+++ Data for review

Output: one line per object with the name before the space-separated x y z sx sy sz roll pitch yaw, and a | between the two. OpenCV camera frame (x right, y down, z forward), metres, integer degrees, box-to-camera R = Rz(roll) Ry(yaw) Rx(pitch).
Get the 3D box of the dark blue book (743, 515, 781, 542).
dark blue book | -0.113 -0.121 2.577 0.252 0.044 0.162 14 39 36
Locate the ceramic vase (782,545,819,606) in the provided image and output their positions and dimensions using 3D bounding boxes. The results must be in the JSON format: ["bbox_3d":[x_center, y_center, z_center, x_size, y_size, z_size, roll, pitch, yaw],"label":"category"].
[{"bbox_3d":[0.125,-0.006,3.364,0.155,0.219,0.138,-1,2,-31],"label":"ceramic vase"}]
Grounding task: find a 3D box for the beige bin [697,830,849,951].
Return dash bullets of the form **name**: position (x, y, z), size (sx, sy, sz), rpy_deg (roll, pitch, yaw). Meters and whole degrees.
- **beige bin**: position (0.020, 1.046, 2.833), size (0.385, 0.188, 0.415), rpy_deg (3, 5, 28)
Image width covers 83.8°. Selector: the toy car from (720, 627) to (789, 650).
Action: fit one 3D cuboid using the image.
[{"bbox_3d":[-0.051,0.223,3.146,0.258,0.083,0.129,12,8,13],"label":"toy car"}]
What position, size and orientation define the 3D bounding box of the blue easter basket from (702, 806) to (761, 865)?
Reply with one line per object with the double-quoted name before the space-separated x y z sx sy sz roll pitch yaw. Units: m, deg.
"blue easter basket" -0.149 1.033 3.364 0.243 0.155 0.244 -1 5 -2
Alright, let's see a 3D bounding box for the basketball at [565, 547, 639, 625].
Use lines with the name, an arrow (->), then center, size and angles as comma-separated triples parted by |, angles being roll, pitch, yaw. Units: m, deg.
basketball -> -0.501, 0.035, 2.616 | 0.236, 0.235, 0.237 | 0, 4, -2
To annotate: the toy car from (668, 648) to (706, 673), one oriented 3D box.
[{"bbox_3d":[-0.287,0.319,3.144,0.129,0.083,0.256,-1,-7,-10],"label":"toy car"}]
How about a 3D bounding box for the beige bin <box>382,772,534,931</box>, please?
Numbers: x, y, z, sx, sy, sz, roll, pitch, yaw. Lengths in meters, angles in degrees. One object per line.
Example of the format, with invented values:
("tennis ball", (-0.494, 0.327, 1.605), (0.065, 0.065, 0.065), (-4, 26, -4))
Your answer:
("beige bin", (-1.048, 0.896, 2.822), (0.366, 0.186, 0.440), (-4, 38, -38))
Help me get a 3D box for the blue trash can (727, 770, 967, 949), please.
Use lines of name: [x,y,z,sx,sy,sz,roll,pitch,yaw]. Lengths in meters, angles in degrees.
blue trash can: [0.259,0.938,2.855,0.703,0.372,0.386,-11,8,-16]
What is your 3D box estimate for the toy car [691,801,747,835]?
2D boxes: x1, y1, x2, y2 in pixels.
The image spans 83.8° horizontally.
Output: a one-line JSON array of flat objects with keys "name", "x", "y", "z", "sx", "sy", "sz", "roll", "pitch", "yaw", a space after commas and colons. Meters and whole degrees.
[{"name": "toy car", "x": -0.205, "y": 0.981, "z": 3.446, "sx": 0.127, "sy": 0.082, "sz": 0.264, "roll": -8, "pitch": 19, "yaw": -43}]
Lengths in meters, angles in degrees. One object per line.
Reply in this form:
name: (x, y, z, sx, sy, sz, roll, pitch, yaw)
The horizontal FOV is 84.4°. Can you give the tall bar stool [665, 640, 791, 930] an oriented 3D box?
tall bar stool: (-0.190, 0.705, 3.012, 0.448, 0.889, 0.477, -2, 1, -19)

++++++

## Goal of the exercise
All lines from the one that contains "Help me get" to the end of the records above are to be copied exactly; leave out the rest.

## Exercise solution
Help me get a 3D box for the blue trash can (727, 770, 967, 949), please.
Use lines of name: [x,y,z,sx,sy,sz,roll,pitch,yaw]. Lengths in meters, angles in degrees.
blue trash can: [0.259,0.938,2.855,0.703,0.372,0.386,-11,8,-16]
What is your 3D box estimate for the toy car [691,801,747,835]?
2D boxes: x1, y1, x2, y2 in pixels.
The image spans 83.8° horizontally.
Output: a one-line JSON array of flat objects with keys "name", "x", "y", "z", "sx", "sy", "sz", "roll", "pitch", "yaw", a space after commas and colons. Meters and whole degrees.
[{"name": "toy car", "x": -0.205, "y": 0.981, "z": 3.446, "sx": 0.127, "sy": 0.082, "sz": 0.264, "roll": -8, "pitch": 19, "yaw": -43}]
Lengths in meters, angles in degrees. One object per line.
Reply in this form:
name: (x, y, z, sx, sy, sz, roll, pitch, yaw)
The horizontal FOV is 84.4°. Can you give the tall bar stool [665, 640, 791, 930] an oriented 3D box?
tall bar stool: (-0.190, 0.705, 3.012, 0.448, 0.889, 0.477, -2, 1, -19)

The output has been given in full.